Exercise aim: Print all records exactly, pictures left out.

START The records

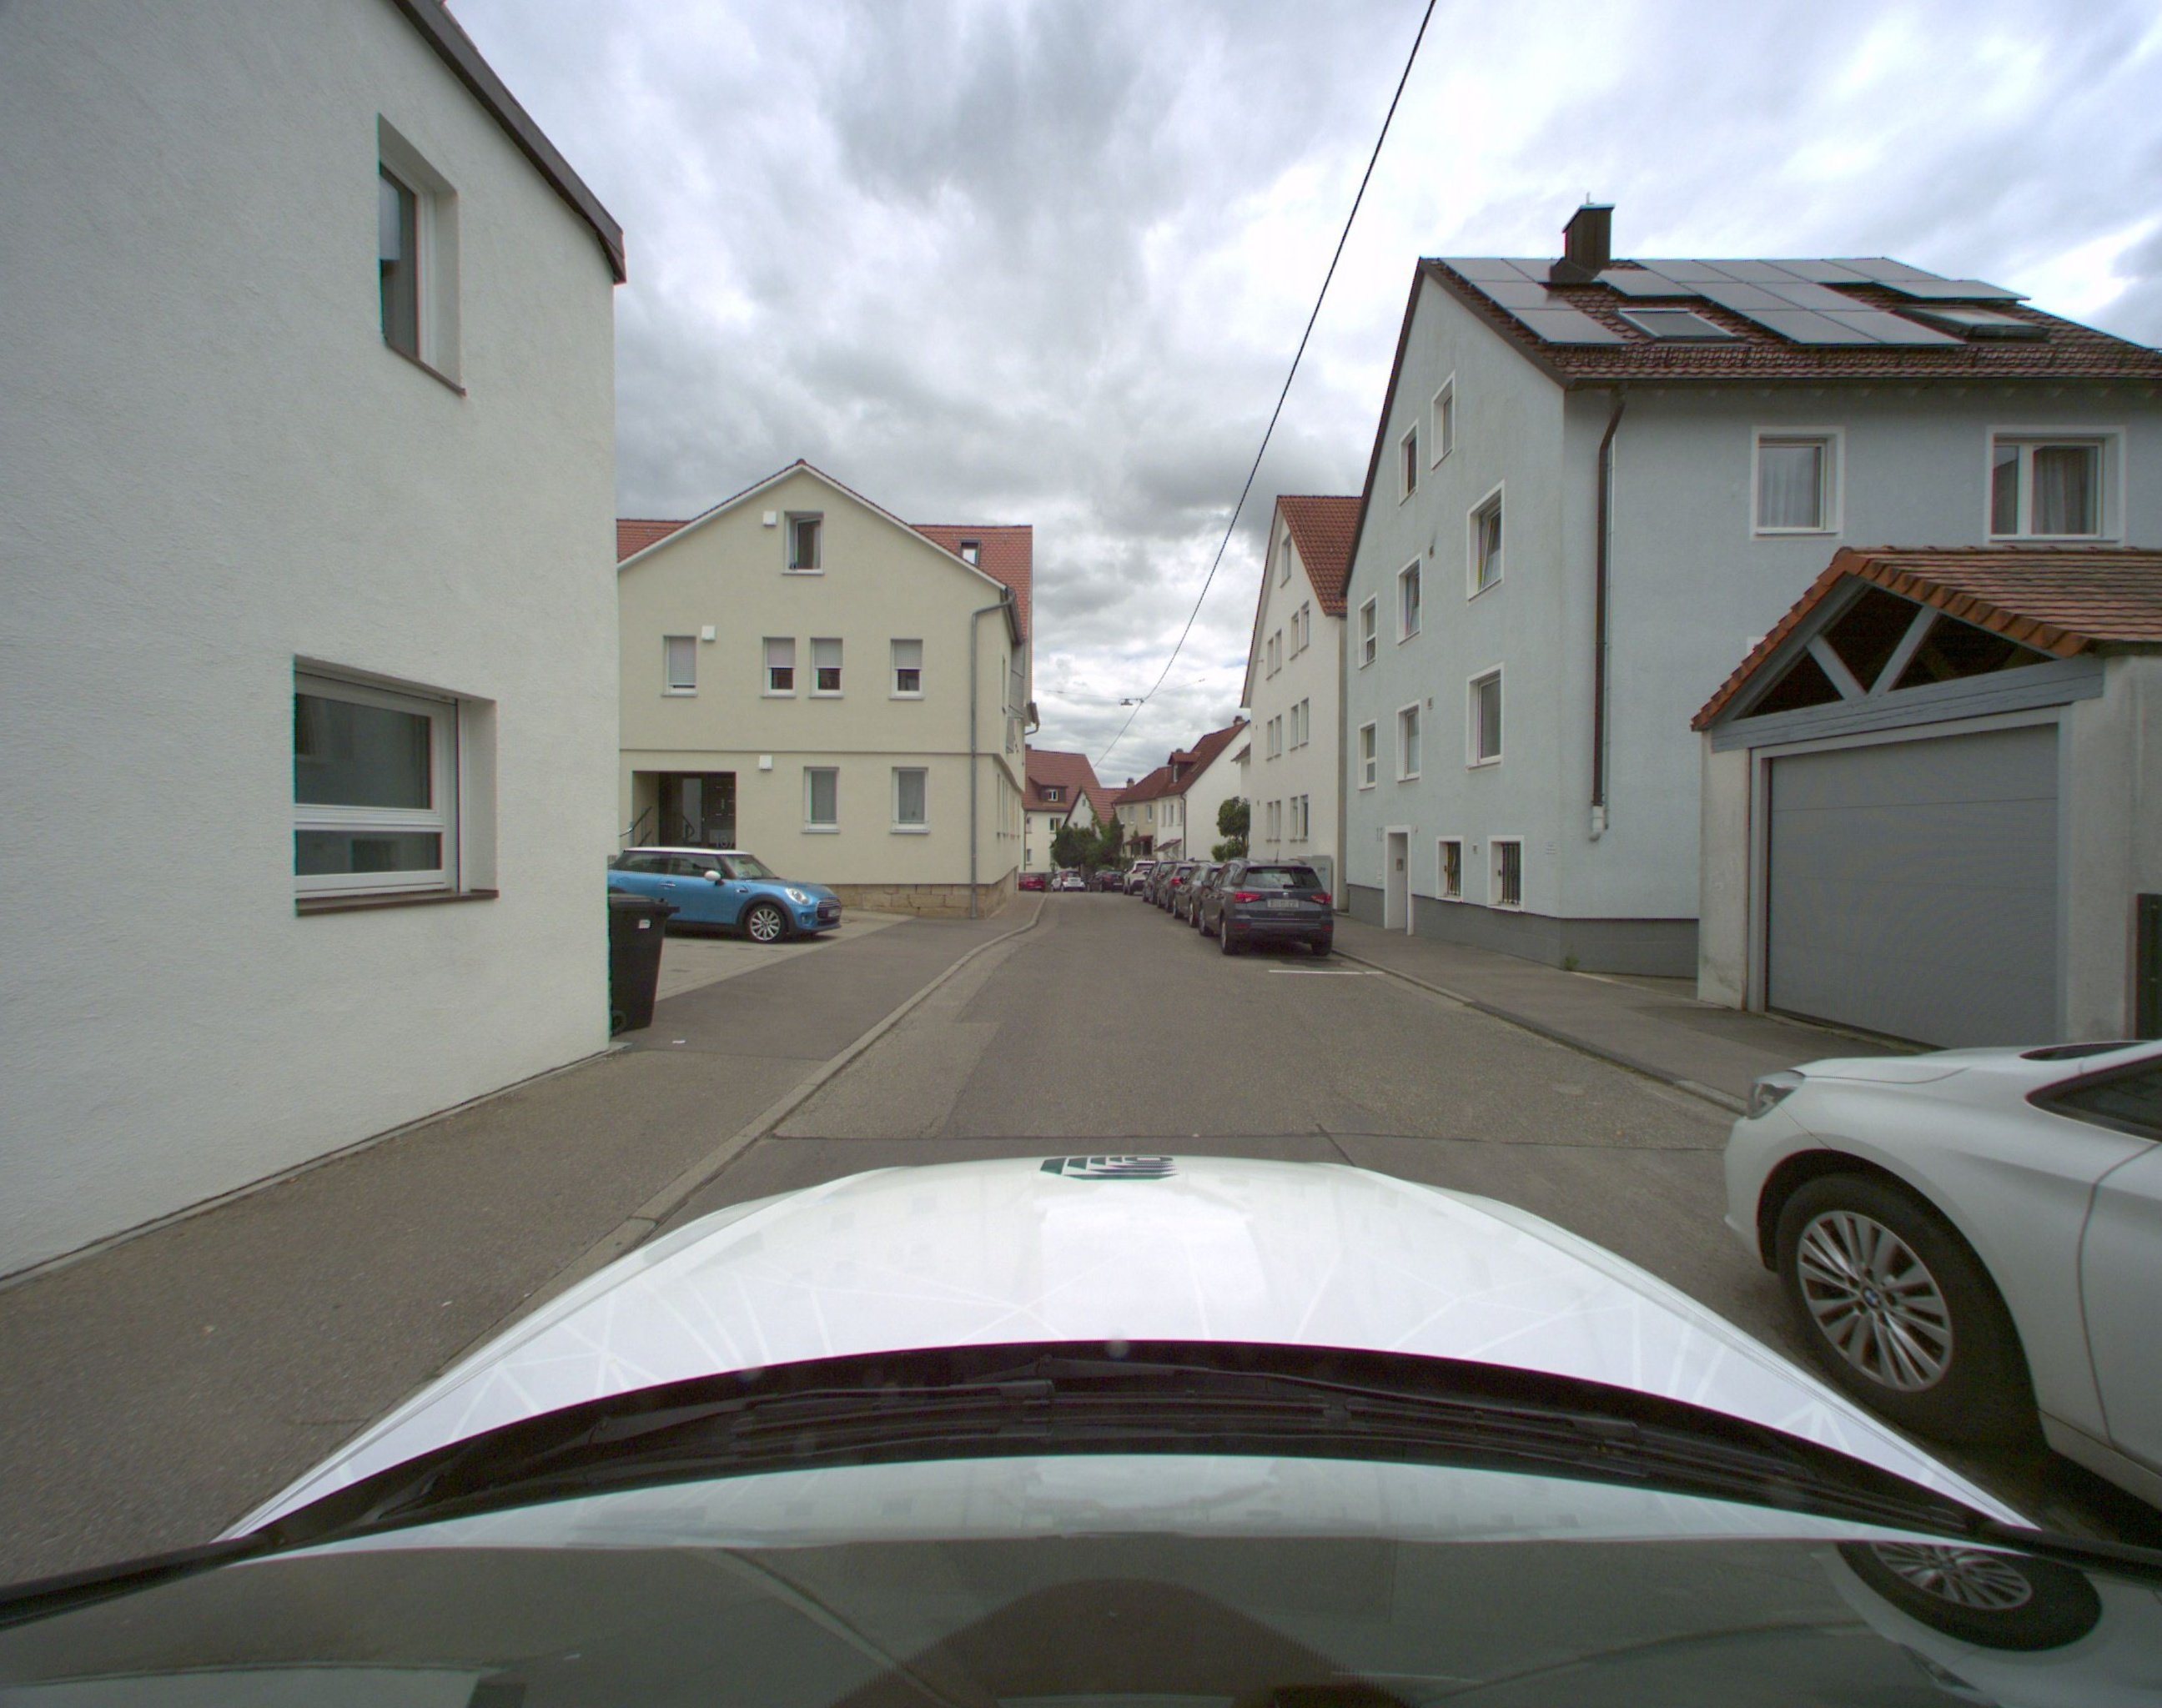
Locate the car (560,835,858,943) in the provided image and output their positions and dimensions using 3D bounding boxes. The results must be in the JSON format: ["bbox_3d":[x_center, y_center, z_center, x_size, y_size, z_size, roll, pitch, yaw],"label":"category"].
[{"bbox_3d":[-5.838,0.539,13.163,3.713,1.412,2.123,3,-1,5],"label":"car"}]

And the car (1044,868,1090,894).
[{"bbox_3d":[-1.064,1.905,59.259,1.972,1.713,3.968,1,0,-25],"label":"car"}]

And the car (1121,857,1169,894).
[{"bbox_3d":[3.049,1.056,39.738,1.868,1.713,4.143,0,-1,-2],"label":"car"}]

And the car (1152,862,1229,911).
[{"bbox_3d":[3.187,0.939,24.387,1.791,1.352,4.074,0,-1,0],"label":"car"}]

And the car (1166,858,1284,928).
[{"bbox_3d":[3.193,0.818,19.046,1.912,1.410,4.654,-1,-1,0],"label":"car"}]

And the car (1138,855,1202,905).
[{"bbox_3d":[3.155,0.921,29.606,1.731,1.610,3.997,3,-1,-1],"label":"car"}]

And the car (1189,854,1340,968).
[{"bbox_3d":[3.013,0.846,14.320,1.747,1.628,4.537,2,0,2],"label":"car"}]

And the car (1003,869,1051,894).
[{"bbox_3d":[-4.328,2.200,64.713,2.009,1.683,3.957,-6,0,-34],"label":"car"}]

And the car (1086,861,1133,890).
[{"bbox_3d":[1.722,1.358,50.381,1.995,1.713,3.983,0,-3,-11],"label":"car"}]

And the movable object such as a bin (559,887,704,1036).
[{"bbox_3d":[-3.619,0.826,6.598,0.609,1.076,0.756,3,0,22],"label":"movable object such as a bin"}]

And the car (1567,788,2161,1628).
[{"bbox_3d":[3.073,0.707,1.146,1.986,1.615,4.881,2,0,2],"label":"car"}]
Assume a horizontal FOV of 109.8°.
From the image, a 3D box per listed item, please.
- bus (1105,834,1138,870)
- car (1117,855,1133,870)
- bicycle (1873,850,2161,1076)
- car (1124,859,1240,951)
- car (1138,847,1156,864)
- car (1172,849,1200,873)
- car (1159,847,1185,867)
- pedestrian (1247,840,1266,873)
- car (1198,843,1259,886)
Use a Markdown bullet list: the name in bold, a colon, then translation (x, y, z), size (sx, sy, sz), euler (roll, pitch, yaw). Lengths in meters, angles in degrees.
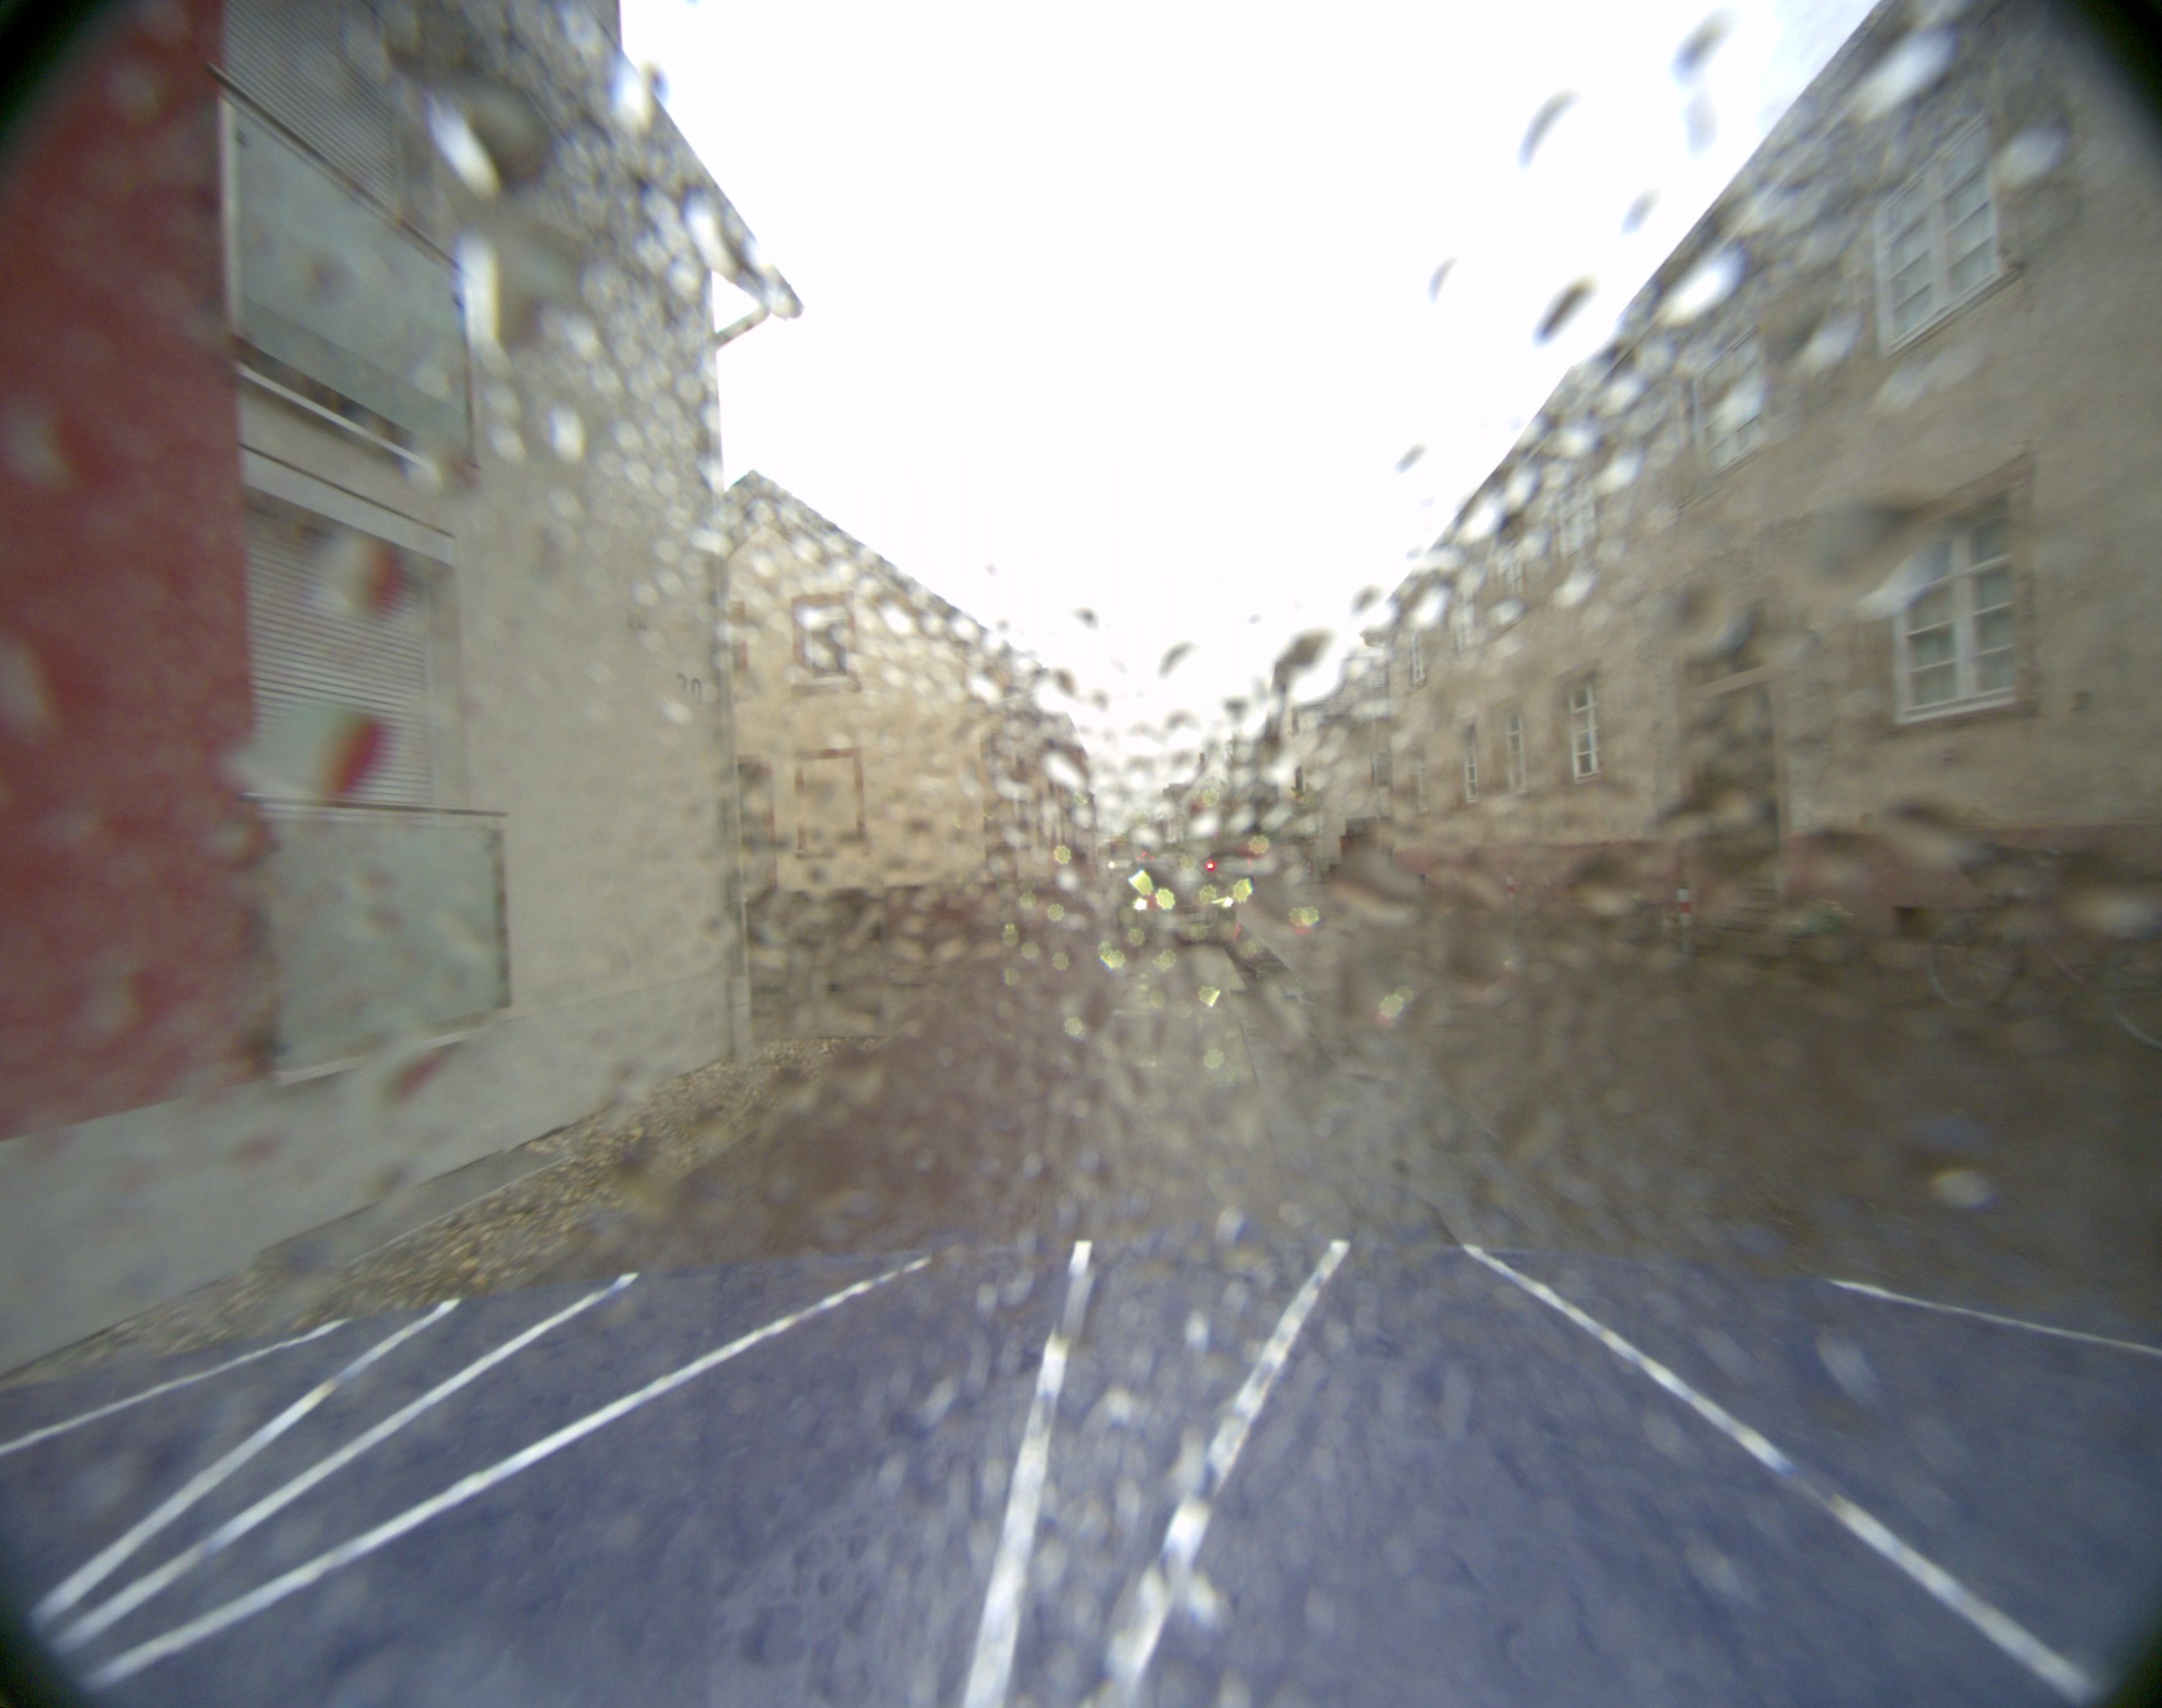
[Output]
- **bus**: translation (3.889, -0.252, 75.469), size (2.668, 3.213, 12.191), euler (-2, 1, 1)
- **car**: translation (5.302, 0.986, 90.732), size (1.784, 1.655, 4.426), euler (-1, 1, 4)
- **bicycle**: translation (6.013, 0.584, 4.614), size (0.483, 1.171, 1.875), euler (-5, 0, 5)
- **car**: translation (1.739, 0.839, 14.262), size (1.739, 1.363, 4.102), euler (-2, 0, 2)
- **car**: translation (6.855, 0.153, 79.037), size (1.626, 1.502, 3.794), euler (-6, 0, 5)
- **car**: translation (7.122, 0.460, 51.614), size (1.608, 1.504, 3.689), euler (-3, 0, 5)
- **car**: translation (7.142, 0.210, 59.889), size (1.700, 1.500, 4.342), euler (-2, 1, 3)
- **pedestrian**: translation (8.294, 0.118, 35.918), size (0.573, 1.529, 0.833), euler (-5, 1, 1)
- **car**: translation (5.973, 0.380, 31.228), size (1.836, 1.546, 4.240), euler (-4, 1, 4)

END The records

Answer to this exercise:
Locate the car (560,835,858,943) in the provided image and output their positions and dimensions using 3D bounding boxes. The results must be in the JSON format: ["bbox_3d":[x_center, y_center, z_center, x_size, y_size, z_size, roll, pitch, yaw],"label":"category"].
[{"bbox_3d":[-5.838,0.539,13.163,3.713,1.412,2.123,3,-1,5],"label":"car"}]

And the car (1044,868,1090,894).
[{"bbox_3d":[-1.064,1.905,59.259,1.972,1.713,3.968,1,0,-25],"label":"car"}]

And the car (1121,857,1169,894).
[{"bbox_3d":[3.049,1.056,39.738,1.868,1.713,4.143,0,-1,-2],"label":"car"}]

And the car (1152,862,1229,911).
[{"bbox_3d":[3.187,0.939,24.387,1.791,1.352,4.074,0,-1,0],"label":"car"}]

And the car (1166,858,1284,928).
[{"bbox_3d":[3.193,0.818,19.046,1.912,1.410,4.654,-1,-1,0],"label":"car"}]

And the car (1138,855,1202,905).
[{"bbox_3d":[3.155,0.921,29.606,1.731,1.610,3.997,3,-1,-1],"label":"car"}]

And the car (1189,854,1340,968).
[{"bbox_3d":[3.013,0.846,14.320,1.747,1.628,4.537,2,0,2],"label":"car"}]

And the car (1003,869,1051,894).
[{"bbox_3d":[-4.328,2.200,64.713,2.009,1.683,3.957,-6,0,-34],"label":"car"}]

And the car (1086,861,1133,890).
[{"bbox_3d":[1.722,1.358,50.381,1.995,1.713,3.983,0,-3,-11],"label":"car"}]

And the movable object such as a bin (559,887,704,1036).
[{"bbox_3d":[-3.619,0.826,6.598,0.609,1.076,0.756,3,0,22],"label":"movable object such as a bin"}]

And the car (1567,788,2161,1628).
[{"bbox_3d":[3.073,0.707,1.146,1.986,1.615,4.881,2,0,2],"label":"car"}]
Assume a horizontal FOV of 109.8°.
From the image, a 3D box per listed item, please.
- bus (1105,834,1138,870)
- car (1117,855,1133,870)
- bicycle (1873,850,2161,1076)
- car (1124,859,1240,951)
- car (1138,847,1156,864)
- car (1172,849,1200,873)
- car (1159,847,1185,867)
- pedestrian (1247,840,1266,873)
- car (1198,843,1259,886)
Use a Markdown bullet list: the name in bold, a colon, then translation (x, y, z), size (sx, sy, sz), euler (roll, pitch, yaw). Lengths in meters, angles in degrees.
[Output]
- **bus**: translation (3.889, -0.252, 75.469), size (2.668, 3.213, 12.191), euler (-2, 1, 1)
- **car**: translation (5.302, 0.986, 90.732), size (1.784, 1.655, 4.426), euler (-1, 1, 4)
- **bicycle**: translation (6.013, 0.584, 4.614), size (0.483, 1.171, 1.875), euler (-5, 0, 5)
- **car**: translation (1.739, 0.839, 14.262), size (1.739, 1.363, 4.102), euler (-2, 0, 2)
- **car**: translation (6.855, 0.153, 79.037), size (1.626, 1.502, 3.794), euler (-6, 0, 5)
- **car**: translation (7.122, 0.460, 51.614), size (1.608, 1.504, 3.689), euler (-3, 0, 5)
- **car**: translation (7.142, 0.210, 59.889), size (1.700, 1.500, 4.342), euler (-2, 1, 3)
- **pedestrian**: translation (8.294, 0.118, 35.918), size (0.573, 1.529, 0.833), euler (-5, 1, 1)
- **car**: translation (5.973, 0.380, 31.228), size (1.836, 1.546, 4.240), euler (-4, 1, 4)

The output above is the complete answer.